### WORK INSTRUCTION
When you spot the word "PAGE" in a line of the data below, copy that line.

───── RECORDS FOR THIS TASK

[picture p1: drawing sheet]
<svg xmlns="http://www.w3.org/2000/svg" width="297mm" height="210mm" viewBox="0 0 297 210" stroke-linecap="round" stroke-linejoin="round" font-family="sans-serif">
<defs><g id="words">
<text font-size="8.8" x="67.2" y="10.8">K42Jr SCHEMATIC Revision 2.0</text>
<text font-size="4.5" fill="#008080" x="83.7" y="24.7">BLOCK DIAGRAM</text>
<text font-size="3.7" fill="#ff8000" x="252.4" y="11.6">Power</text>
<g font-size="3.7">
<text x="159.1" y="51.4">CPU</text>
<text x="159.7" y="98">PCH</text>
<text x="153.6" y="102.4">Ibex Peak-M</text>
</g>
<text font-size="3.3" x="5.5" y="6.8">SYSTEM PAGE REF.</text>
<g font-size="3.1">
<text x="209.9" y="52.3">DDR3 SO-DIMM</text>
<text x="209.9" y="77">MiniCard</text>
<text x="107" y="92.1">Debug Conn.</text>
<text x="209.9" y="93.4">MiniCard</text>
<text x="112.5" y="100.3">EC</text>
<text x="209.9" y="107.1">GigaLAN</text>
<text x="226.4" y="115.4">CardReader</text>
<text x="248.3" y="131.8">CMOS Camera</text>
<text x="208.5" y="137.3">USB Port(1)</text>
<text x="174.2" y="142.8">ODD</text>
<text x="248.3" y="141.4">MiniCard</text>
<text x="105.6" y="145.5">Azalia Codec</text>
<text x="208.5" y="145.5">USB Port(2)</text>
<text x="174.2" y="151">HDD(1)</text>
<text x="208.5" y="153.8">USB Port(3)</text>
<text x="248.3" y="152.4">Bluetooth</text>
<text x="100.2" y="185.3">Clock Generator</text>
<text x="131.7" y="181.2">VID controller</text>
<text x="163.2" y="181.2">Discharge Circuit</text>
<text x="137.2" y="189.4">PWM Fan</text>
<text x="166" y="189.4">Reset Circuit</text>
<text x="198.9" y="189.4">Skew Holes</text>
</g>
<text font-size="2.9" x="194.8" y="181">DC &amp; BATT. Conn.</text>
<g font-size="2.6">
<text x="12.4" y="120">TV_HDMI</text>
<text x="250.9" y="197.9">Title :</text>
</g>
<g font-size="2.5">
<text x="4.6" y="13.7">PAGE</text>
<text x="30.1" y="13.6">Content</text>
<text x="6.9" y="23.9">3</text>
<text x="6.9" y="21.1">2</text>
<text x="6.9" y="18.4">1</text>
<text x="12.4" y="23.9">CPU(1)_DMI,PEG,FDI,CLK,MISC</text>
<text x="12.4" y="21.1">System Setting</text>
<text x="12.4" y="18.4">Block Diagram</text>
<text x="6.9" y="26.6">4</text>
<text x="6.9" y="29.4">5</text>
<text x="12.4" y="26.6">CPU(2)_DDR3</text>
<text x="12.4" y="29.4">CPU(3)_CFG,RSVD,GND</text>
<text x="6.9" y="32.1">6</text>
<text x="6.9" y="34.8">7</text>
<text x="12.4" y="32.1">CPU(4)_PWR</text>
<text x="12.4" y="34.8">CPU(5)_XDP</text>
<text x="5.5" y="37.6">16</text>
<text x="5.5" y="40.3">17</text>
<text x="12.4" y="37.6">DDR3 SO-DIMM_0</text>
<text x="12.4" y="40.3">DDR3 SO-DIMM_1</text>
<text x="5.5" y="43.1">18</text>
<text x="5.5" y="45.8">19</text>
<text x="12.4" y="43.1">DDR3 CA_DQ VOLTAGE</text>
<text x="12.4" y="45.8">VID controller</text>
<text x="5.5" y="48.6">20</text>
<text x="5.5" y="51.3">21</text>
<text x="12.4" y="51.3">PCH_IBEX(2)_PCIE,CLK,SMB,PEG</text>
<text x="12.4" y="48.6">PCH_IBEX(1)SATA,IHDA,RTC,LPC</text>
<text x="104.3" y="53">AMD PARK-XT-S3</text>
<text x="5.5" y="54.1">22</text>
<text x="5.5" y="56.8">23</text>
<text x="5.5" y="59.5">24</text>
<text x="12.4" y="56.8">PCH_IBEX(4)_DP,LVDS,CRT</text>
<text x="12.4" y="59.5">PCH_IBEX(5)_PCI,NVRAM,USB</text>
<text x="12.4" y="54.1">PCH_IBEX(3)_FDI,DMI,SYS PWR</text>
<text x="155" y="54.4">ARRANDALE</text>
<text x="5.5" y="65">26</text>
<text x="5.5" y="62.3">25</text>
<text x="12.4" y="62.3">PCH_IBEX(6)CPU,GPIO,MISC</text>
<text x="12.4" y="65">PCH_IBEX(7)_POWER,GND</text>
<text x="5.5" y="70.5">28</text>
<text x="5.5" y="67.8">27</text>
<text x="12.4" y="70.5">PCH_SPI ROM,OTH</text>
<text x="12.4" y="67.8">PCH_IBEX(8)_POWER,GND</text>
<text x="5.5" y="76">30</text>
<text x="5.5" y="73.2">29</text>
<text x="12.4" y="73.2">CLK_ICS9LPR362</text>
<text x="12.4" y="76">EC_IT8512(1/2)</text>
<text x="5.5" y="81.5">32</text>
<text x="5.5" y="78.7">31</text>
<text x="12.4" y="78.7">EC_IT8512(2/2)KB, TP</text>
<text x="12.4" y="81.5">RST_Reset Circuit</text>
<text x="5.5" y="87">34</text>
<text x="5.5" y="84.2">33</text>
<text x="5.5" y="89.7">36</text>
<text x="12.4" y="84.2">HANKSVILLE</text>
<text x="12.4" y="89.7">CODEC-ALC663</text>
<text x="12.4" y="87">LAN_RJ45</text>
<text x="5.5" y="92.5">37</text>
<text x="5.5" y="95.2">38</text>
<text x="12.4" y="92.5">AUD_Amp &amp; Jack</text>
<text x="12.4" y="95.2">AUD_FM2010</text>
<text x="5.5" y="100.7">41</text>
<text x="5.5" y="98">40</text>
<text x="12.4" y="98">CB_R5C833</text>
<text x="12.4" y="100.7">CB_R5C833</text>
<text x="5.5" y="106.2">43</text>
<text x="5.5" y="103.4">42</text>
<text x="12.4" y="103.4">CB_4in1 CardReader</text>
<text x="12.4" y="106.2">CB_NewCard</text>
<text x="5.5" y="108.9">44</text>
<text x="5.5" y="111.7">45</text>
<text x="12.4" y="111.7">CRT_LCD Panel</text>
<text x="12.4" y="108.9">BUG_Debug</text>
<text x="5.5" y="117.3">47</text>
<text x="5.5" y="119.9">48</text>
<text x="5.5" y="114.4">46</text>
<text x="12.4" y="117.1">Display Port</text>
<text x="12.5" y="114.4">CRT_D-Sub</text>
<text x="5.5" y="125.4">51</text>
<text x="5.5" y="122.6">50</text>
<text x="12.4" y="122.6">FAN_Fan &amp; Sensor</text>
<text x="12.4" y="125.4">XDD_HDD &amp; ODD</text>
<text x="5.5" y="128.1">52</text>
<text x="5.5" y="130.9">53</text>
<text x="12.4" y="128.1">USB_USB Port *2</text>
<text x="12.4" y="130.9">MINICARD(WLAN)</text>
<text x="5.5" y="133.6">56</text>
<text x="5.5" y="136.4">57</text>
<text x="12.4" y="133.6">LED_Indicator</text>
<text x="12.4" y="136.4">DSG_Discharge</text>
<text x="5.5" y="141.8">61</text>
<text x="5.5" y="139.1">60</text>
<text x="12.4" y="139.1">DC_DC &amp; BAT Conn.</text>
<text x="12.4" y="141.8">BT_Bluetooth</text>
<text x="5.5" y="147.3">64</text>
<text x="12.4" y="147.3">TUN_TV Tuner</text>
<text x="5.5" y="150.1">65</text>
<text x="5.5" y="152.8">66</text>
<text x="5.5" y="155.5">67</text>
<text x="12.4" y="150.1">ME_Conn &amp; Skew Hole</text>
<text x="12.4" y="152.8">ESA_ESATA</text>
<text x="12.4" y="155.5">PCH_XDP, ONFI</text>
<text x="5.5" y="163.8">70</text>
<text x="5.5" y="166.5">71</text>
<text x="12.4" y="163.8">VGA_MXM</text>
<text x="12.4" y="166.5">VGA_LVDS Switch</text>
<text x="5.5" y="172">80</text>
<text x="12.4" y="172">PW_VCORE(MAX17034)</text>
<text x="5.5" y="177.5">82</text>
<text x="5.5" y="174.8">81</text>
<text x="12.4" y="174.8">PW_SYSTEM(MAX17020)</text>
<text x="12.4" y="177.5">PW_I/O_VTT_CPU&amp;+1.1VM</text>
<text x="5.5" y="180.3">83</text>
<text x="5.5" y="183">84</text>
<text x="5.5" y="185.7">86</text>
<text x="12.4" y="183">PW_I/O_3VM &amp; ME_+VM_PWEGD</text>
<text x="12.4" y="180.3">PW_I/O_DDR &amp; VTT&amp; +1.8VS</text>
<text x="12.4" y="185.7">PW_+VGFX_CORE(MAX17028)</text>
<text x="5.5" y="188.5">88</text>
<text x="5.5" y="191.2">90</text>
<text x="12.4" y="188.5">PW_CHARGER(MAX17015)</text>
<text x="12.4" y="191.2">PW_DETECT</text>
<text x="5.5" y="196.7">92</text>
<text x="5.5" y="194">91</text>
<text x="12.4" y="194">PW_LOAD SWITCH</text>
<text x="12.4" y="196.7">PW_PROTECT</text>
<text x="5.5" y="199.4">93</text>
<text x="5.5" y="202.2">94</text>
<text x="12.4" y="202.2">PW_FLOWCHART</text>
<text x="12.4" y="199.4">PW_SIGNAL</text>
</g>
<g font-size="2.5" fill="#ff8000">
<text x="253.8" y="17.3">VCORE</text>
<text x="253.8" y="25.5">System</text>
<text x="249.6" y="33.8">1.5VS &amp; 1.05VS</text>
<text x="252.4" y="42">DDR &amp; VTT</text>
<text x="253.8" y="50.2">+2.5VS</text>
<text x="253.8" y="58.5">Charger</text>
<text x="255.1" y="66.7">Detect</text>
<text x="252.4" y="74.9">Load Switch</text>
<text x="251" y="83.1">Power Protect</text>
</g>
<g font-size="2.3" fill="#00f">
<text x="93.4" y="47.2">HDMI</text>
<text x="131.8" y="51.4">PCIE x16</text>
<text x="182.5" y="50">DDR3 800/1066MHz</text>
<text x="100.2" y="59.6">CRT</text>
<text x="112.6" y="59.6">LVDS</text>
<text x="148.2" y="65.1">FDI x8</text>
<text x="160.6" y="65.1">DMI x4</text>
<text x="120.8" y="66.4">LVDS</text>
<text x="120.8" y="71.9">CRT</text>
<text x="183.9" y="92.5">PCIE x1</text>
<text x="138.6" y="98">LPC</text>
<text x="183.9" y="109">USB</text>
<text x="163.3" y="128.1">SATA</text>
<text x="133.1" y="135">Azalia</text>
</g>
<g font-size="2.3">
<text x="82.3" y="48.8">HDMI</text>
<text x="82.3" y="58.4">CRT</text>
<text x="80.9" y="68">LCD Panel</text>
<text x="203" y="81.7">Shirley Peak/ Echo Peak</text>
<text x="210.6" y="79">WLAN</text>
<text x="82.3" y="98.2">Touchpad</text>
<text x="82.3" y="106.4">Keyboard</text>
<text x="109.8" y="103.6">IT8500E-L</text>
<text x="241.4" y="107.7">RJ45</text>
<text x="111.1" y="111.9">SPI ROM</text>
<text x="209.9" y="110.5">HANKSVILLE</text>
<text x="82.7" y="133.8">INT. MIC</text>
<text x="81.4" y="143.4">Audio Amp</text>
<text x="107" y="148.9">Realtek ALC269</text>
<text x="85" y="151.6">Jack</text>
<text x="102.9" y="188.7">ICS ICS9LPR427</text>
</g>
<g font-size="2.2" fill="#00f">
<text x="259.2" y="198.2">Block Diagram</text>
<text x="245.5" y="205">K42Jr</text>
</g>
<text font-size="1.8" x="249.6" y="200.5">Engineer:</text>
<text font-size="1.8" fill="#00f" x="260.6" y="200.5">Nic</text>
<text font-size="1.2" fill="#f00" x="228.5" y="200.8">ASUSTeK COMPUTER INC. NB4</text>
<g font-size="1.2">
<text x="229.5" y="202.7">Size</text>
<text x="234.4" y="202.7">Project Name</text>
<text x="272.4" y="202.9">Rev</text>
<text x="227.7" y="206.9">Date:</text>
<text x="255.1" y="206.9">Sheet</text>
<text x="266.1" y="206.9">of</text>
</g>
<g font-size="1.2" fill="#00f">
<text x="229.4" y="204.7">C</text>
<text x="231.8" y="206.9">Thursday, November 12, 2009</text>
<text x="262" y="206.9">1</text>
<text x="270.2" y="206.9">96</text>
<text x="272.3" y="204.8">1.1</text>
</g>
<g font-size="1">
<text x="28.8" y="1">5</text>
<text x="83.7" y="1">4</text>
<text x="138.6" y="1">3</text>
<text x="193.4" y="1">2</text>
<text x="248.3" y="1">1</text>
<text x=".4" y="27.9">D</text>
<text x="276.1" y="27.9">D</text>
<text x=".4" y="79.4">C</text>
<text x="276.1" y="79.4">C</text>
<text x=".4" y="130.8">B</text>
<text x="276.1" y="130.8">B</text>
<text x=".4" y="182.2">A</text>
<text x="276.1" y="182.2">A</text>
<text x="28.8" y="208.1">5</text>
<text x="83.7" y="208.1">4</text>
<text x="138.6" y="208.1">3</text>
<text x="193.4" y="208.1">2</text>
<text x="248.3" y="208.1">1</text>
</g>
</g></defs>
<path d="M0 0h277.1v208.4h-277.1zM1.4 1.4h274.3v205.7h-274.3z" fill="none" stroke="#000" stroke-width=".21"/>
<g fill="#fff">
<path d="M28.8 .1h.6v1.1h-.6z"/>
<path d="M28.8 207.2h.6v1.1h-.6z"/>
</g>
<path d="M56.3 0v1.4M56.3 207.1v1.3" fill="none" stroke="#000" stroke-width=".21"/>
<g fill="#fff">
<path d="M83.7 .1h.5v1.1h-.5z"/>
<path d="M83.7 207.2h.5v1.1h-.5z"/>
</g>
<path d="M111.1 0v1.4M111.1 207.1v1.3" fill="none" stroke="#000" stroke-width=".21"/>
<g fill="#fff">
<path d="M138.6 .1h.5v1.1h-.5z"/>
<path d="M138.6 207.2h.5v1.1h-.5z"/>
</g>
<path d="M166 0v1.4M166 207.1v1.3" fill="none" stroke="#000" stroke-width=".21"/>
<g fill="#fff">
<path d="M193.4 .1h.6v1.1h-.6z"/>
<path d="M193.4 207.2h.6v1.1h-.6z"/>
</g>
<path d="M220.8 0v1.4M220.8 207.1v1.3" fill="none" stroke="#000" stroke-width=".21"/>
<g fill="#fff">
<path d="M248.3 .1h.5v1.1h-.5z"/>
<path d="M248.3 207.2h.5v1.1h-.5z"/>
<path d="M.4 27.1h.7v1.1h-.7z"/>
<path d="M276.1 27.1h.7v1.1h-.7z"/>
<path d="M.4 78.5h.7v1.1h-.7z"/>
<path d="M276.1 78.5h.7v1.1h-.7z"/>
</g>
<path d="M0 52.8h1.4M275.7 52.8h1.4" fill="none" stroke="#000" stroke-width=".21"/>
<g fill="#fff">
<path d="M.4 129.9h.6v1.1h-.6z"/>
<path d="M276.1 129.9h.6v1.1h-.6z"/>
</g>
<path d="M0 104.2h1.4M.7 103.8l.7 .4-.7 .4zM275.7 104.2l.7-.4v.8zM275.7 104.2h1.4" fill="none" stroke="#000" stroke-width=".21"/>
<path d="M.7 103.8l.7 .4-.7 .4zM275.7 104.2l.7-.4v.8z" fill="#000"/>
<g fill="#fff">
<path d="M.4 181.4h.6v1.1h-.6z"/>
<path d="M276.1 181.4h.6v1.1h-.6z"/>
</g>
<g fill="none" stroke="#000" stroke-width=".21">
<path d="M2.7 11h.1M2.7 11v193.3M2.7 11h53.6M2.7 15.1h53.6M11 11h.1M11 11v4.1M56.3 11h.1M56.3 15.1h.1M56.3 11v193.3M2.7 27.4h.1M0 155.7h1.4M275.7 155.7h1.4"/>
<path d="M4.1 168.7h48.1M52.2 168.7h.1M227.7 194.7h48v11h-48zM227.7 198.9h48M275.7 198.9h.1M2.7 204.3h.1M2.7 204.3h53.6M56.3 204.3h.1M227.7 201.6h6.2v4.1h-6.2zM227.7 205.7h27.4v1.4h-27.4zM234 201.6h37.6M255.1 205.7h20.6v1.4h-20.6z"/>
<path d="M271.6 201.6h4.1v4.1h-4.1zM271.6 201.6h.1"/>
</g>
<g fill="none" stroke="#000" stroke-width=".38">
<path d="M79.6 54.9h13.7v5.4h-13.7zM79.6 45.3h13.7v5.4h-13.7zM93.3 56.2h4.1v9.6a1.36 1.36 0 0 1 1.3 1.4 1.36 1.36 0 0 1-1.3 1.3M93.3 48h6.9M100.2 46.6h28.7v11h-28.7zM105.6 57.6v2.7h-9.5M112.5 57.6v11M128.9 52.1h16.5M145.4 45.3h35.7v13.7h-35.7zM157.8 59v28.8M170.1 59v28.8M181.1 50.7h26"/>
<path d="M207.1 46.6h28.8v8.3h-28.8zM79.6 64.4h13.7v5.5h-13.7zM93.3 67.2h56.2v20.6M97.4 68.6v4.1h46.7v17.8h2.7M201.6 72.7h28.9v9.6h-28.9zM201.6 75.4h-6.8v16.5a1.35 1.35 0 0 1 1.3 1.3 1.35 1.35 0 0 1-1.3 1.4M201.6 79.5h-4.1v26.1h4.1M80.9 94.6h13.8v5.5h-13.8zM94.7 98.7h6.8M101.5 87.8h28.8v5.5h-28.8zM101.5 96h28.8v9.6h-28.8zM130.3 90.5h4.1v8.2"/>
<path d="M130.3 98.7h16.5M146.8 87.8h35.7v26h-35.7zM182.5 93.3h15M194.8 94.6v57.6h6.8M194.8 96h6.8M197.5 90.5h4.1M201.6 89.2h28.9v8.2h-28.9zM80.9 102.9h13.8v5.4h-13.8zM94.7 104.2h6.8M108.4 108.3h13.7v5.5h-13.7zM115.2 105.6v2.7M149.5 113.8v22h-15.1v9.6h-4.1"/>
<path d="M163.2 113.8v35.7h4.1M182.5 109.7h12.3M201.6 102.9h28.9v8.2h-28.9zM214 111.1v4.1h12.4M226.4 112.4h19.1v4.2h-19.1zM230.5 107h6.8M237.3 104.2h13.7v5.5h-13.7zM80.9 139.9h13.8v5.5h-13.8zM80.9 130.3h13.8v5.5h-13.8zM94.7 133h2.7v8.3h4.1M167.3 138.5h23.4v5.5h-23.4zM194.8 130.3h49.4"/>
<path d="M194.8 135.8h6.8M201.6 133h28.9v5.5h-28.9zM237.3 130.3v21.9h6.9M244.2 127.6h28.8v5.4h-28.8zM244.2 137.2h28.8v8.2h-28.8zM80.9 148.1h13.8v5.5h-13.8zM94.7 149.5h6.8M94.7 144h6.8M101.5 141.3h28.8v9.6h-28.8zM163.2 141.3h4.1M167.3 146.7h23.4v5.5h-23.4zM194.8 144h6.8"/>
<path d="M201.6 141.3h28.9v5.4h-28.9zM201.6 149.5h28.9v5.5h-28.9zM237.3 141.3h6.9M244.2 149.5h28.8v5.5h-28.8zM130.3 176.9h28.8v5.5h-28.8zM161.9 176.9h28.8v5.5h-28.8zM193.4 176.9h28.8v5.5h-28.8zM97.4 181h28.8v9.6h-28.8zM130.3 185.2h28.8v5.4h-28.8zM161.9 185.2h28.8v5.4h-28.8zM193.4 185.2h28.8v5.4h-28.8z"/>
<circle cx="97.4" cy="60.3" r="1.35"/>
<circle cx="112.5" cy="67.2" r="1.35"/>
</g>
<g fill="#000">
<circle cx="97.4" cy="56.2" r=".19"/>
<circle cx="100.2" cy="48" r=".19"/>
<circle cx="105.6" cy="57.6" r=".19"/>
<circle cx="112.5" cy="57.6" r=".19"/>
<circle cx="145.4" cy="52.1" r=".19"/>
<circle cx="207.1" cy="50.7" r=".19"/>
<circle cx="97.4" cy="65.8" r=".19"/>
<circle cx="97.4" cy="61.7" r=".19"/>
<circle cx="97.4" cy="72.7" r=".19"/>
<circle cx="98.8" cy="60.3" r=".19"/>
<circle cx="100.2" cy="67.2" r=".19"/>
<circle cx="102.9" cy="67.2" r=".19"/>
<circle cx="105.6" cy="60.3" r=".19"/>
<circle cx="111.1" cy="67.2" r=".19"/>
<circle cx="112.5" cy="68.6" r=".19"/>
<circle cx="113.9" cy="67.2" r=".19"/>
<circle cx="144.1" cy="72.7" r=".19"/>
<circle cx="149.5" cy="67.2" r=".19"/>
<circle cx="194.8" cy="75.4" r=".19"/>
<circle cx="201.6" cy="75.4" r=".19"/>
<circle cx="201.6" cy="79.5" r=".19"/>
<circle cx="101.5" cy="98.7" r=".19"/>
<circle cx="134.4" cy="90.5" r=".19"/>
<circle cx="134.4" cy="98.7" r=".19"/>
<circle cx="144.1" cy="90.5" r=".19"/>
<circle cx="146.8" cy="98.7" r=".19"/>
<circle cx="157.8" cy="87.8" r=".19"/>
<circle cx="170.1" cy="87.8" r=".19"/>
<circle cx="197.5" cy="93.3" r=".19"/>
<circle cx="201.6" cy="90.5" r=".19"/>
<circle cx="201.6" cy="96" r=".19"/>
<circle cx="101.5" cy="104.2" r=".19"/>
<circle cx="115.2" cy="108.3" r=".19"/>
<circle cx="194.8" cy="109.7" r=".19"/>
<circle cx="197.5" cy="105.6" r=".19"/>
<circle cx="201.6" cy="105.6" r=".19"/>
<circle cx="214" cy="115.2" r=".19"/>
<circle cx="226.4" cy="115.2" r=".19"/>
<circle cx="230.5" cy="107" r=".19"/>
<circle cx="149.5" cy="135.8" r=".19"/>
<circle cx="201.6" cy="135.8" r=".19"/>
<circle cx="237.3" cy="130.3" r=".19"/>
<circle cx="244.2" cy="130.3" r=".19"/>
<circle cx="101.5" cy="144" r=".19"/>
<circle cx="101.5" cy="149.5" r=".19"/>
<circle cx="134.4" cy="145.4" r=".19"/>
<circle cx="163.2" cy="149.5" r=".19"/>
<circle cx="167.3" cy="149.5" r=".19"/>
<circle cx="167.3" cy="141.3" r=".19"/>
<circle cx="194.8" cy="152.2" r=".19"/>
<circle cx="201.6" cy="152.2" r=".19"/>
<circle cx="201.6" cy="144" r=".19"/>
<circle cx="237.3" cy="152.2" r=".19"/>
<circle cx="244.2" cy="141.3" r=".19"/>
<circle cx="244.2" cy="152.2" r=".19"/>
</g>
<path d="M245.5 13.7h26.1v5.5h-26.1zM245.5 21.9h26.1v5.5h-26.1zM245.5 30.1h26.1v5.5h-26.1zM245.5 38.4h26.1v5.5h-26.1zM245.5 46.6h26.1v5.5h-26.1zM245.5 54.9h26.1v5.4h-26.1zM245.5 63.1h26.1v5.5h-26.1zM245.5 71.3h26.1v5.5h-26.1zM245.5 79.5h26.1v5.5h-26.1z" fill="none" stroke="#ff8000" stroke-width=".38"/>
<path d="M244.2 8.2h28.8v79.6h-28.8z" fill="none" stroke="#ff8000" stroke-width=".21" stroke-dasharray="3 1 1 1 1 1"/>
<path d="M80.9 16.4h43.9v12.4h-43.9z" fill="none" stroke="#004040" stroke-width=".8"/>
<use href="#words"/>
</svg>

──────────

### SOLUTION FOR THIS TASK
<text font-size="3.3" x="5.5" y="6.8">SYSTEM PAGE REF.</text>
<text x="4.6" y="13.7">PAGE</text>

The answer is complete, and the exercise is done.